Data extracted from a collection:
►
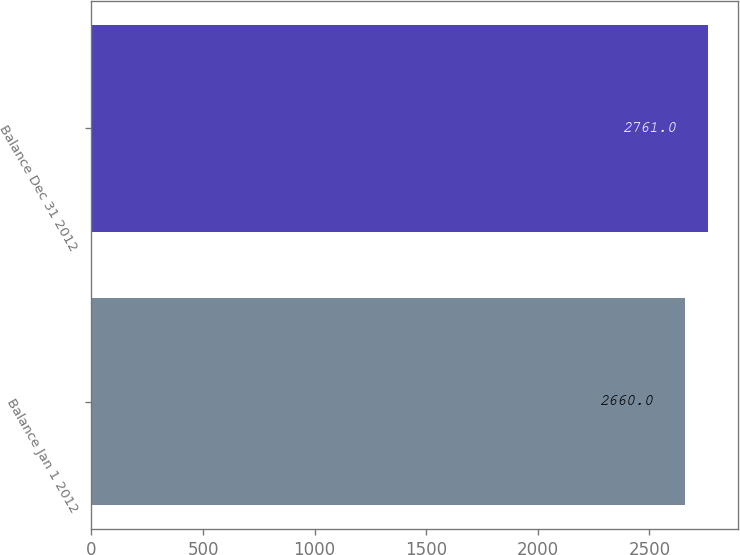Convert chart. <chart><loc_0><loc_0><loc_500><loc_500><bar_chart><fcel>Balance Jan 1 2012<fcel>Balance Dec 31 2012<nl><fcel>2660<fcel>2761<nl></chart> 
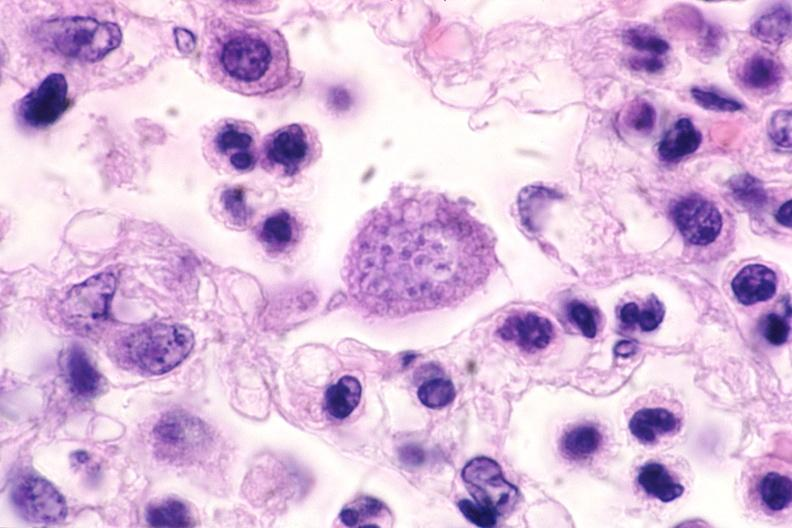does this image show touch impression from brain, toxoplasma cyst?
Answer the question using a single word or phrase. Yes 
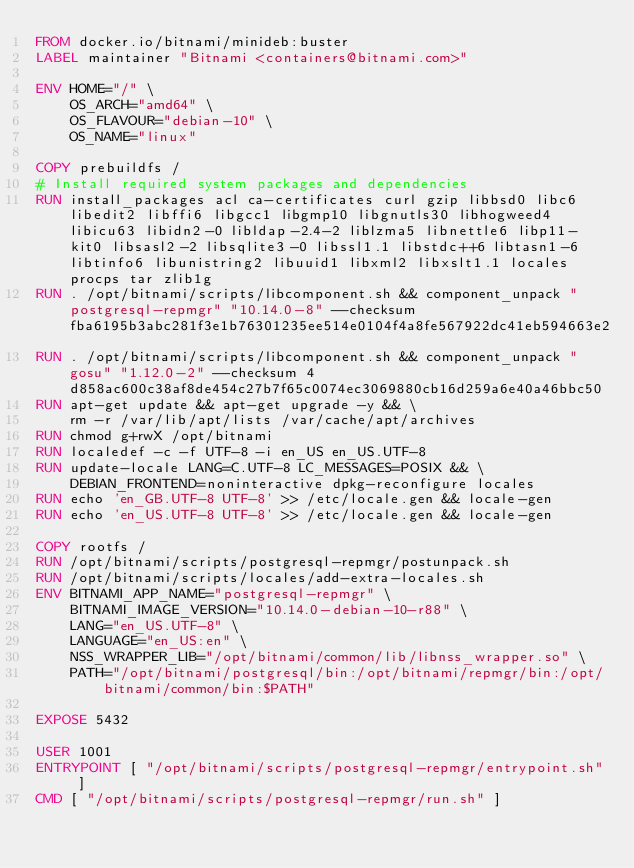Convert code to text. <code><loc_0><loc_0><loc_500><loc_500><_Dockerfile_>FROM docker.io/bitnami/minideb:buster
LABEL maintainer "Bitnami <containers@bitnami.com>"

ENV HOME="/" \
    OS_ARCH="amd64" \
    OS_FLAVOUR="debian-10" \
    OS_NAME="linux"

COPY prebuildfs /
# Install required system packages and dependencies
RUN install_packages acl ca-certificates curl gzip libbsd0 libc6 libedit2 libffi6 libgcc1 libgmp10 libgnutls30 libhogweed4 libicu63 libidn2-0 libldap-2.4-2 liblzma5 libnettle6 libp11-kit0 libsasl2-2 libsqlite3-0 libssl1.1 libstdc++6 libtasn1-6 libtinfo6 libunistring2 libuuid1 libxml2 libxslt1.1 locales procps tar zlib1g
RUN . /opt/bitnami/scripts/libcomponent.sh && component_unpack "postgresql-repmgr" "10.14.0-8" --checksum fba6195b3abc281f3e1b76301235ee514e0104f4a8fe567922dc41eb594663e2
RUN . /opt/bitnami/scripts/libcomponent.sh && component_unpack "gosu" "1.12.0-2" --checksum 4d858ac600c38af8de454c27b7f65c0074ec3069880cb16d259a6e40a46bbc50
RUN apt-get update && apt-get upgrade -y && \
    rm -r /var/lib/apt/lists /var/cache/apt/archives
RUN chmod g+rwX /opt/bitnami
RUN localedef -c -f UTF-8 -i en_US en_US.UTF-8
RUN update-locale LANG=C.UTF-8 LC_MESSAGES=POSIX && \
    DEBIAN_FRONTEND=noninteractive dpkg-reconfigure locales
RUN echo 'en_GB.UTF-8 UTF-8' >> /etc/locale.gen && locale-gen
RUN echo 'en_US.UTF-8 UTF-8' >> /etc/locale.gen && locale-gen

COPY rootfs /
RUN /opt/bitnami/scripts/postgresql-repmgr/postunpack.sh
RUN /opt/bitnami/scripts/locales/add-extra-locales.sh
ENV BITNAMI_APP_NAME="postgresql-repmgr" \
    BITNAMI_IMAGE_VERSION="10.14.0-debian-10-r88" \
    LANG="en_US.UTF-8" \
    LANGUAGE="en_US:en" \
    NSS_WRAPPER_LIB="/opt/bitnami/common/lib/libnss_wrapper.so" \
    PATH="/opt/bitnami/postgresql/bin:/opt/bitnami/repmgr/bin:/opt/bitnami/common/bin:$PATH"

EXPOSE 5432

USER 1001
ENTRYPOINT [ "/opt/bitnami/scripts/postgresql-repmgr/entrypoint.sh" ]
CMD [ "/opt/bitnami/scripts/postgresql-repmgr/run.sh" ]
</code> 
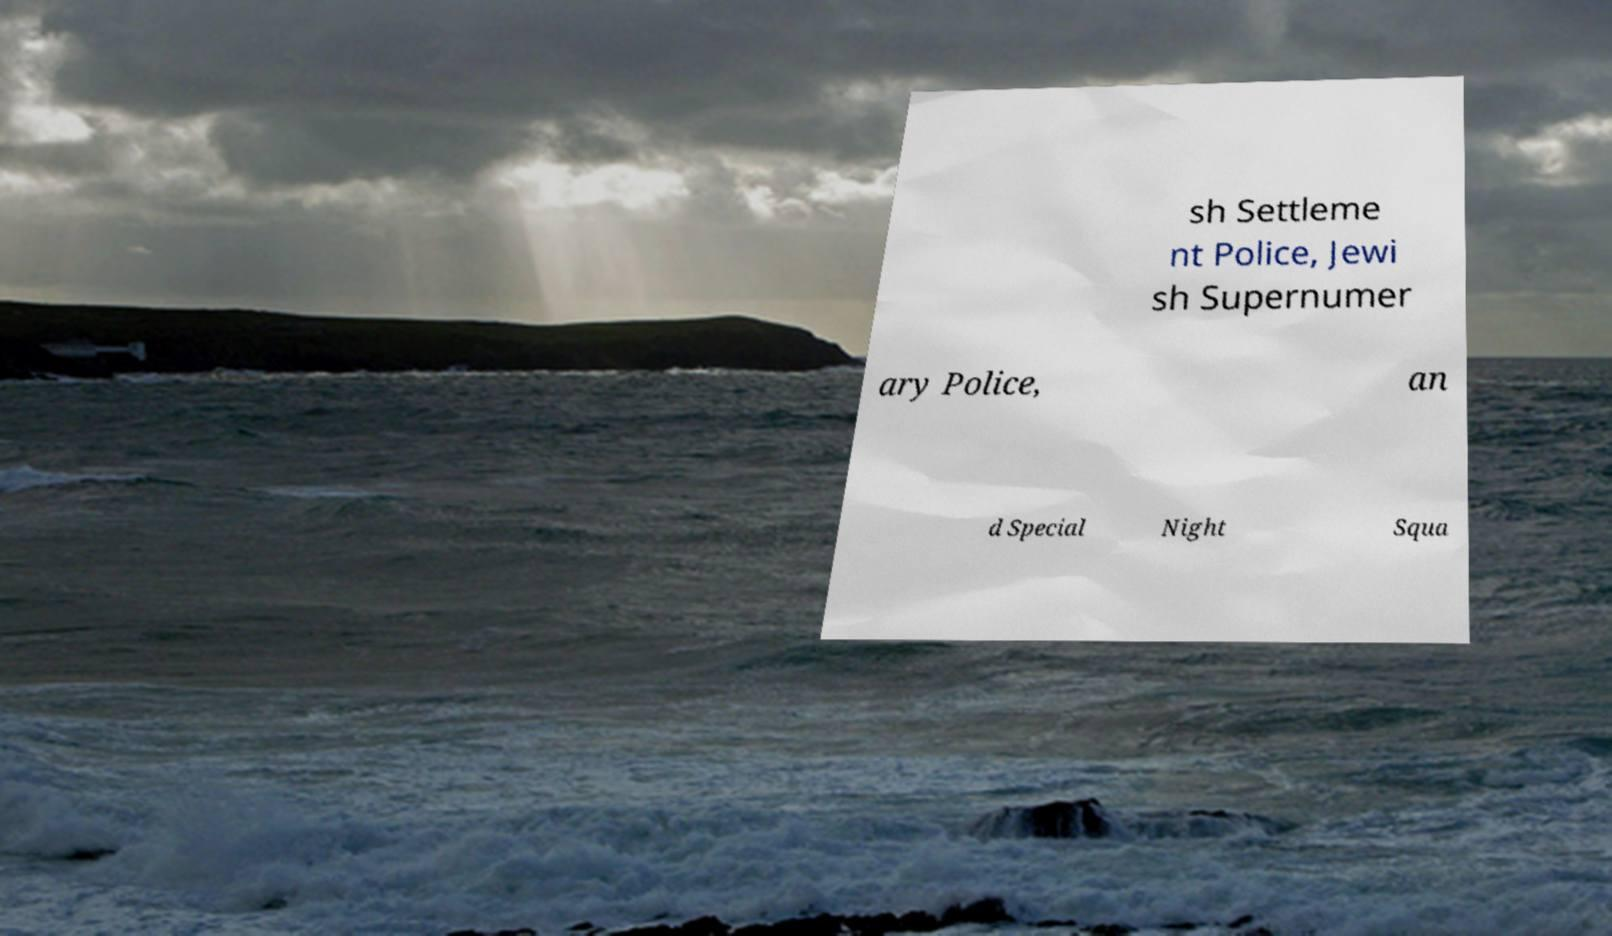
◄
Write out nothing but the lines from the start of the data through the line with "Answer the question". Leave out the pictures.

SOLUTION TO THE PROBLEM –
Convert chart. <chart><loc_0><loc_0><loc_500><loc_500><bar_chart><fcel>Balance Jan 1 2012<fcel>Balance Dec 31 2012<nl><fcel>2660<fcel>2761<nl></chart> 
does this image show touch impression from brain, toxoplasma cyst?
Answer the question using a single word or phrase. Yes 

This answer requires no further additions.